Reinforcement Learning

Even though LocoMuJoCo focuses on imitation learning, it can be also used for plain reinforcement learning. The challenge here is to define a reward function that produces the desired behavior. Here is a minimal example for defining a reinforcement learning example:

Note

This is for didactic purposes only! It will not produce any useful gait.

import numpy as np
from loco_mujoco import LocoEnv
import gymnasium as gym


# define what ever reward function you want
def my_reward_function(state, action, next_state):
    return -np.mean(action)     # here we just return the negative mean of the action


# create the environment and task together with the reward function
env = gym.make("LocoMujoco", env_name="UnitreeH1.run.real", reward_type="custom",
               reward_params=dict(reward_callback=my_reward_function))

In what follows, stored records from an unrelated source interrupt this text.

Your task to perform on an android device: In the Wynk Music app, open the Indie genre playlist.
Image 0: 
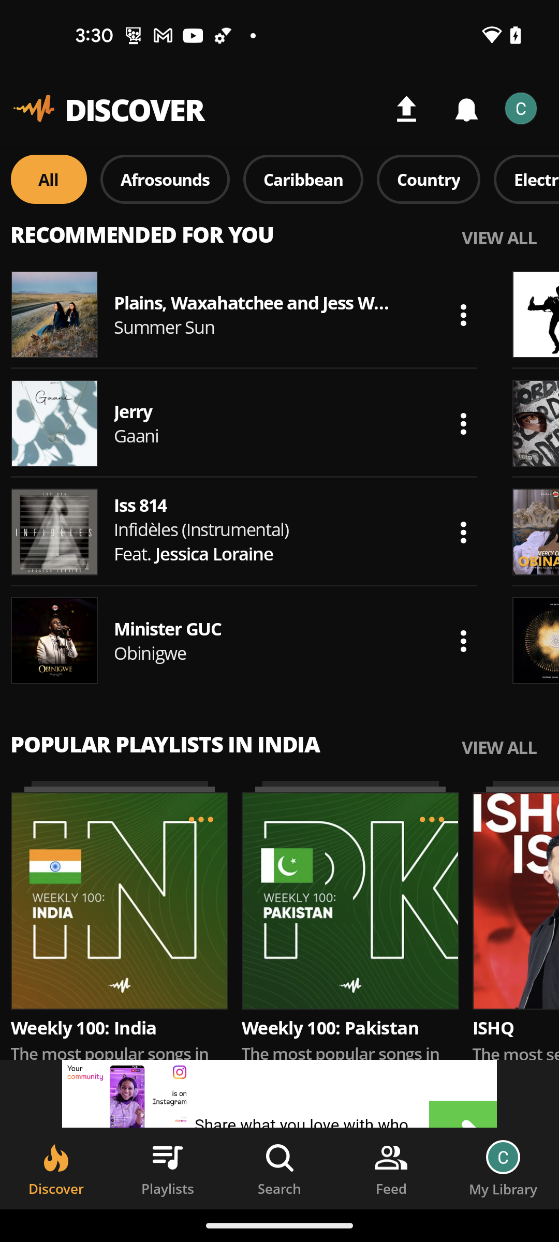
Open the Wynk music app
Step 0: open app "Wynk Music"
Image 1: 
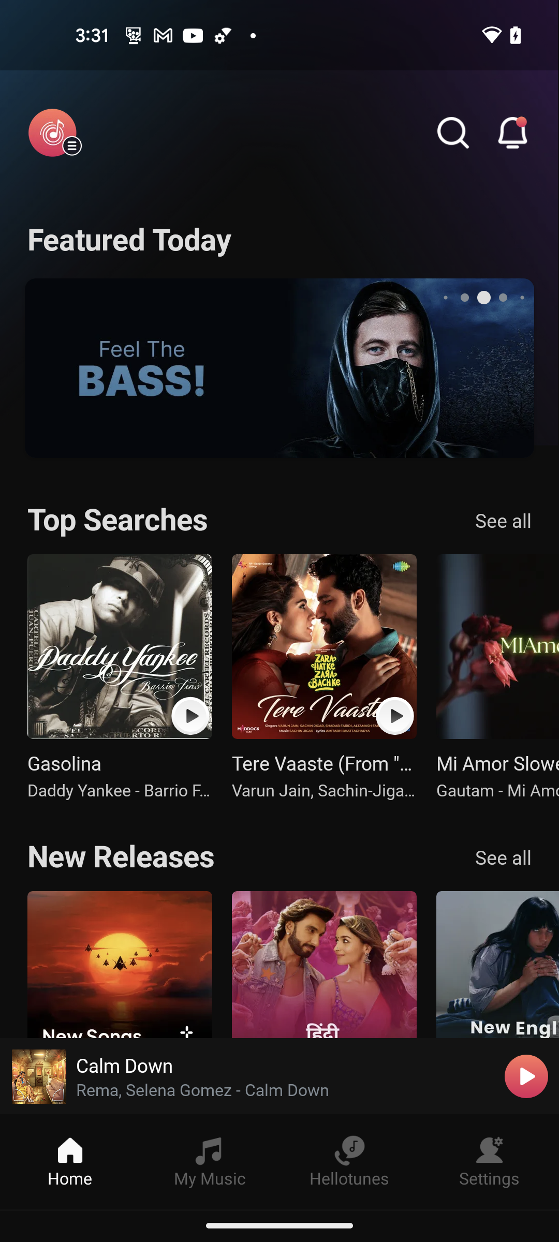
Click on the search icon at the top of the screen
Step 1: click (453, 132)
Image 2: 
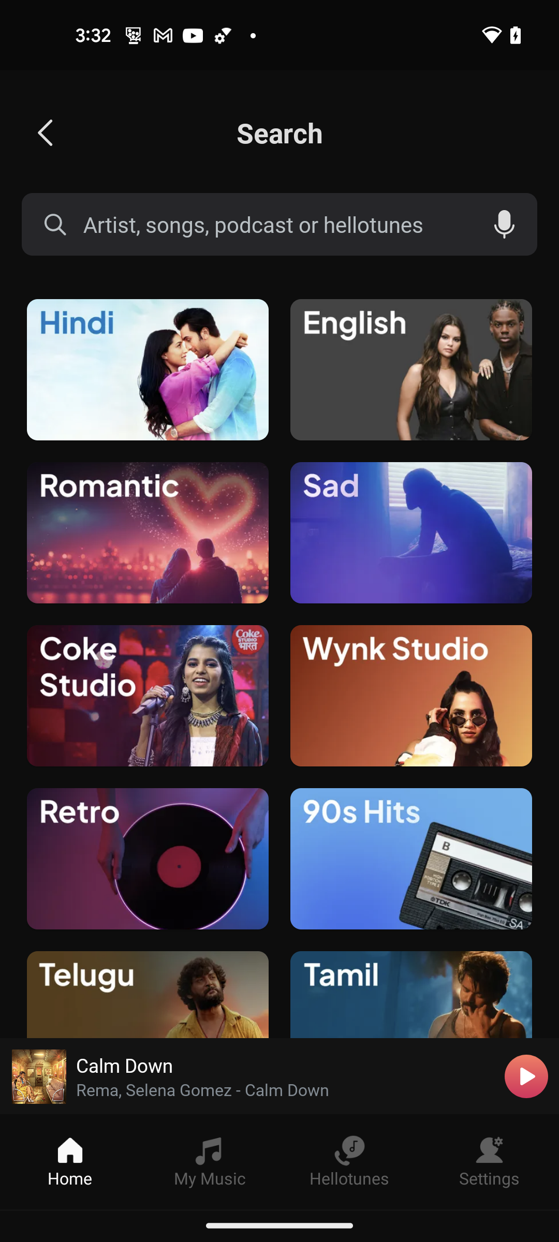
Swipe up for Indie genre playlist
Step 2: scroll left
Image 3: 
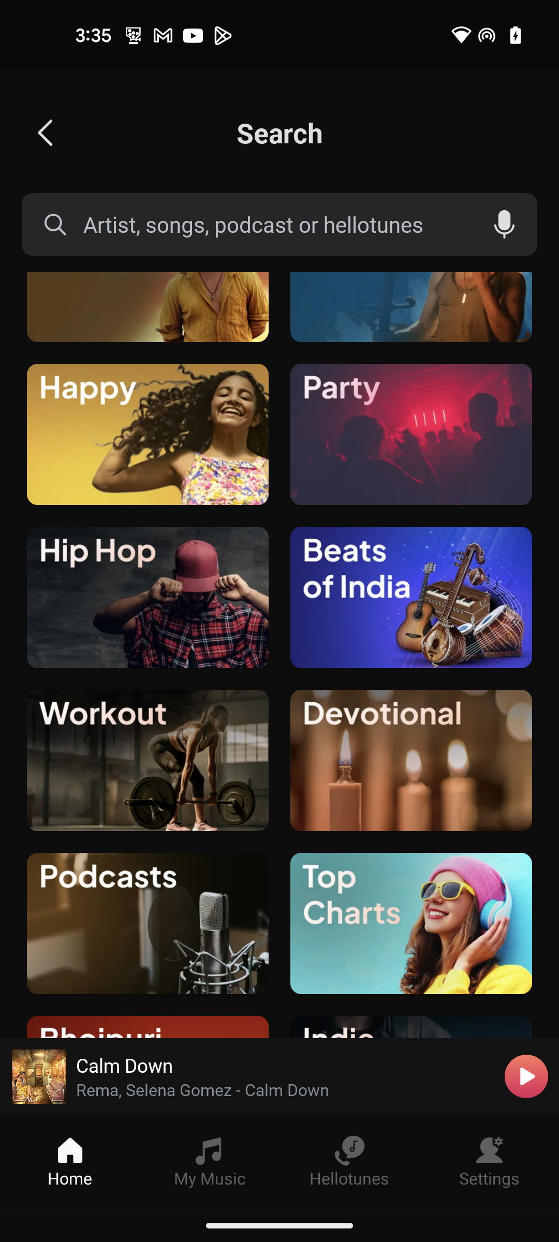
Swipe up for Indie genre playlist
Step 3: scroll left
Image 4: 
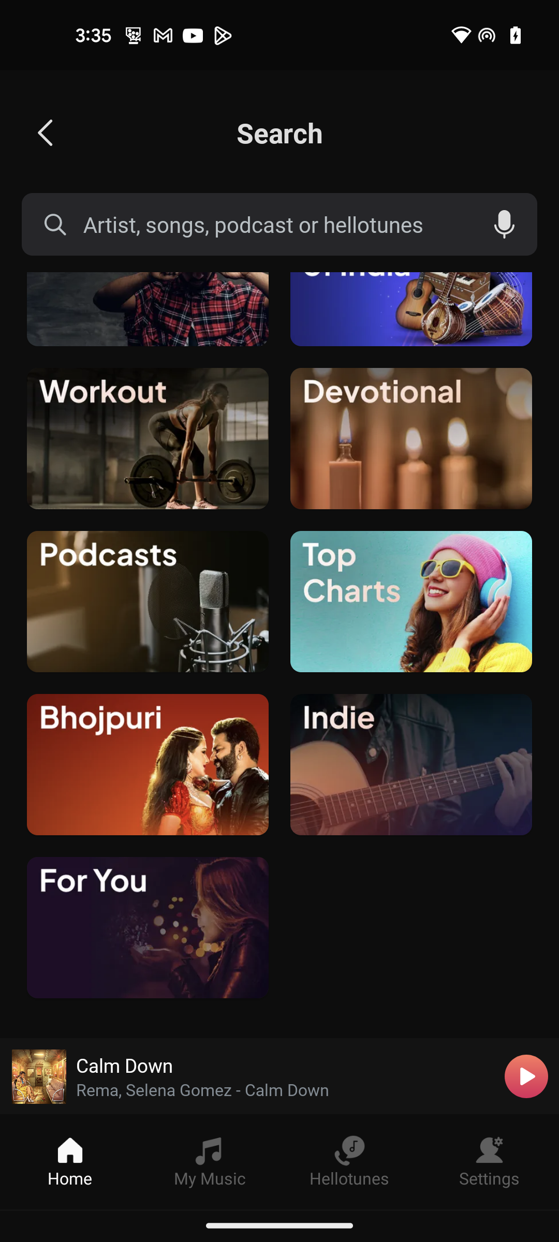
Open the Indie genre playlist
Step 4: click (411, 764)

action_dim = env.action_space.shape[0]

env.reset()
env.render()
terminated = False
i = 0

while True:
    if i == 1000 or terminated:
        env.reset()
        i = 0
    action = np.random.randn(action_dim)
    nstate, reward, terminated, truncated, info = env.step(action)

    # HERE is your favorite RL algorithm

    env.render()
    i += 1

Right now, LocoMuJoCo only supports Markovian reward functions (i.e., functions only depending on the current state transition). We are thinking about providing support for non-Markovian reward functions as well by providing access to the environment in the reward function. Open an issue or drop me a message if you think this is something we should really do!